Training. Plain AdamW (lr=5e-5, weight_decay=0.1) full fine-tune, batch size 8, sequences capped at 512 tokens. Trained on Kaggle's free T4 (also reproducible on Colab or Azure ML — see cloud/).

Evaluation. The tricky part is that Glaive (and therefore the fine-tuned model) emits almost-JSON: {"name": "f", "arguments": '{"k": "v"}'} — the arguments object is wrapped in single quotes. The parser finds the payload span by brace-depth counting (regexes fail on nested objects), then unwraps the single-quoted arguments blob before json.loads.

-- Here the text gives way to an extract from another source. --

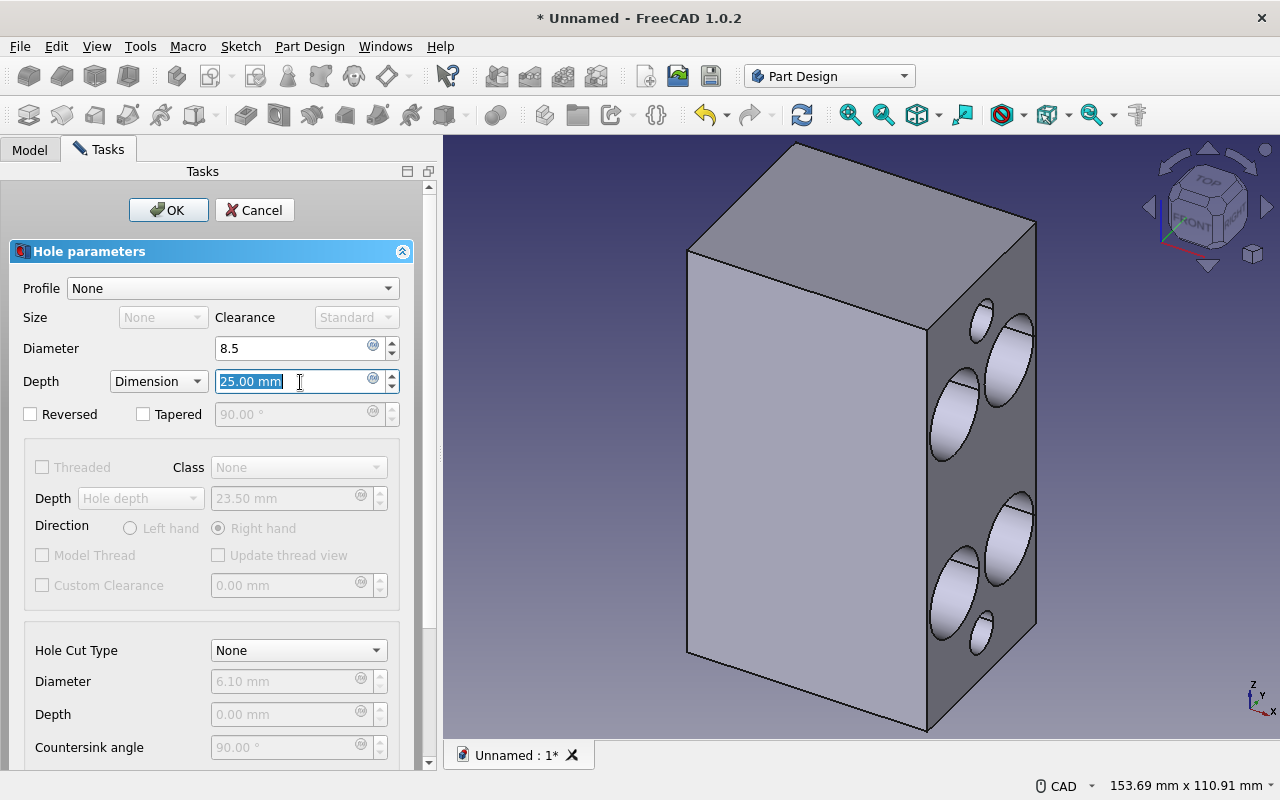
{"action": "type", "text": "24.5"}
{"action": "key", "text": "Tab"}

On the ground-truth test split this parses 100% of function calls, vs ~4% for a naive json.loads.

Quick start

uv venv --python=python3.10 && source .venv/bin/activate
uv pip install -e ".[train,dev]"
pytest                       # 25 tests, runs in ~2s

Demo (the fine-tuned checkpoint is hosted on Hugging Face — or skip the download entirely and use the live Space):

huggingface-cli download noFFENSE/gpt2-355M-function-calling \
    gpt2-355M-function-calling.pth --local-dir checkpoints

gpt2fc-chat --checkpoint checkpoints/gpt2-355M-function-calling.pth \
    --user "What's the weather like in Almaty right now?"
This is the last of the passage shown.